Les spéculations vont bon train sur la formation de la future coalition gouvernementale et peu nombreux sont les analystes politiques qui estiment viable à long terme une coalition formée par le CDA, le VDD et la liste Pim Fortuyn. Frits Bolkestein, commissaire européen chargé du Marché intérieur, de la Fiscalité et de l'Union douanière et grande figure de la vie politique néerlandaise, a dès mercredi soir déclaré s'attendre à de nouvelles élections d'ici un an en raison de l'instabilité de la liste Pim Fortuyn. En effet, la politique ne se réduit pas à une sensibilité accrue aux problèmes de la société et le parti d'extrême droite va désormais devoir prouver qu'il peut se donner les moyens de résoudre ces problèmes ainsi qu'apprendre, comme le veut la tradition néerlandaise, à composer avec d'autres formations au sein d'une coalition dans laquelle il ne sera pas majoritaire. Memdert Fennema, politologue à l'université d'Amsterdam, compare les élections du 15 mai avec « la signature massive d'un registre de condoléances », rejetant l'idée d'un « véritable moment démocratique ». De son côté, Erik van Bruggen, consultant naguère proche du Parti travailliste, souligne que « dans un pays où on n'élit ni le chef de l'Etat, ni le Premier ministre, ni son maire, Pim représentait paradoxalement une chance pour la démocratie car il pouvait détruire ce système politique fermé qui fonctionne comme une nomenklatura tout juste préoccupée par le partage des postes ». La recherche permanente du compromis a en effet fini par gommer aux yeux de beaucoup de Néerlandais les différences existant entre les partis de gauche et ceux de droite, le système de coalitions n'étant pas en lui-même propice à de grands débats. La classe politique néerlandaise dans son ensemble n'a pas su répondre au phénomène Pim Fortuyn et s'est montrée incapable de lui opposer les valeurs et les traditions démocratiques qui sont les leurs et celles de la société néerlandaise.

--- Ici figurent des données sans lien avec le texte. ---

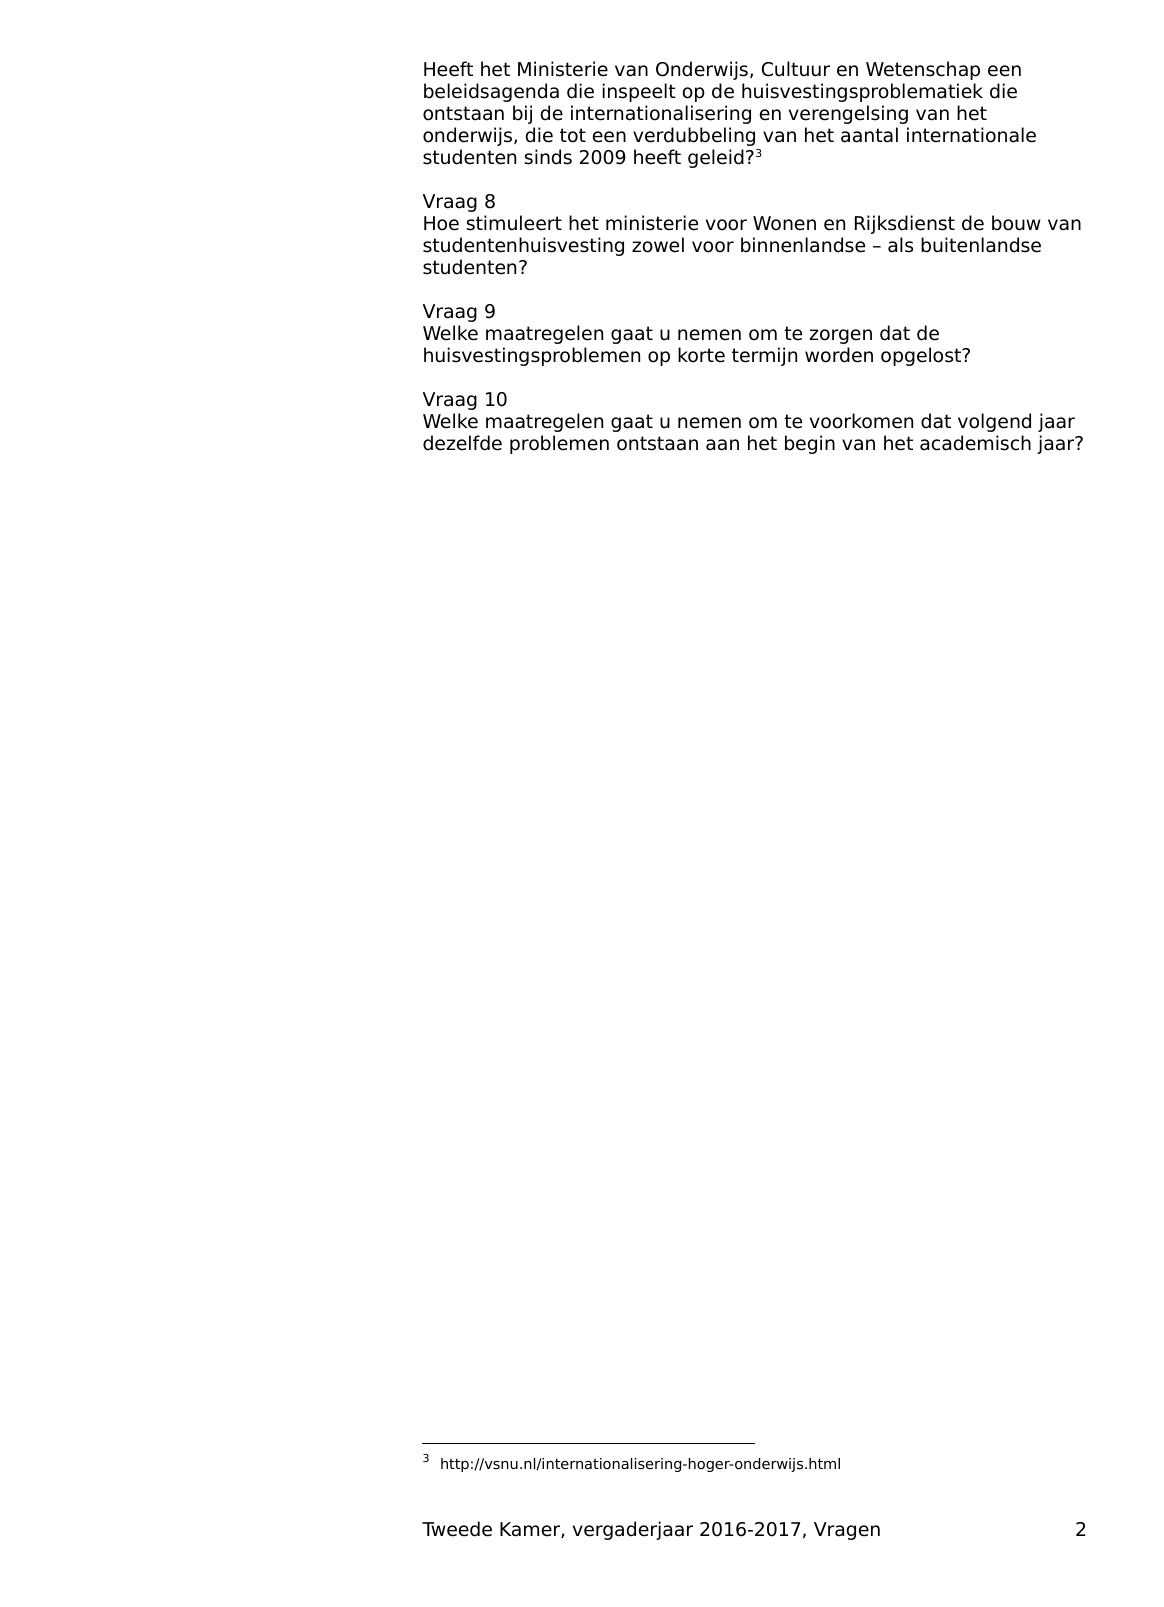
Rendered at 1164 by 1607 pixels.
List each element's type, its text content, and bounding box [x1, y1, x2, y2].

text Vraag 8 [422, 191, 1087, 213]
text Heeft het Ministerie van Onderwijs, Cultuur en Wetenschap een beleidsagenda die inspeelt op de huisvestingsproblematiek die ontstaan bij de internationalisering en verengelsing van het onderwijs, die tot een verdubbeling van het aantal internationale studenten sinds 2009 heeft geleid? [422, 59, 1087, 169]
text Welke maatregelen gaat u nemen om te voorkomen dat volgend jaar dezelfde problemen ontstaan aan het begin van het academisch jaar? [422, 411, 1087, 455]
text Vraag 10 [422, 389, 1087, 411]
text Welke maatregelen gaat u nemen om te zorgen dat de huisvestingsproblemen op korte termijn worden opgelost? [422, 323, 1087, 367]
text Hoe stimuleert het ministerie voor Wonen en Rijksdienst de bouw van studentenhuisvesting zowel voor binnenlandse – als buitenlandse studenten? [422, 213, 1087, 279]
text Vraag 9 [422, 301, 1087, 323]
text http://vsnu.nl/internationalisering-hoger-onderwijs.html [422, 1452, 1087, 1474]

« Aujourd'hui, nous décidons de la composition politique des Pays-Bas durant les quatre prochaines années » avait averti le Premier ministre travailliste Wim Kok la veille du scrutin, appelant les Néerlandais à voter « avec leur tête et pas seulement leurs émotions ». Ces derniers mots, comme la campagne menée par les travaillistes, ont été vains. Les Néerlandais ont largement choisi de faire d'une liste emmenée par un mort (la loi électorale interdit aux Pays-Bas de retirer une liste déposée), au programme indéfini et dont les membres ne possèdent aucune expérience politique, la deuxième formation nationale. Cette entrée en force de l'extrême droite à la chambre basse du Parlement constitue une sanction et un avertissement pour l'ensemble de la classe politique. « Quelle curieuse époque si un mort remporte les élections! » notait l'écrivain néerlandais Cees Noteboom dans Le Monde du 15 mai. « Mais les jeux sont faits, rien ne va plus ».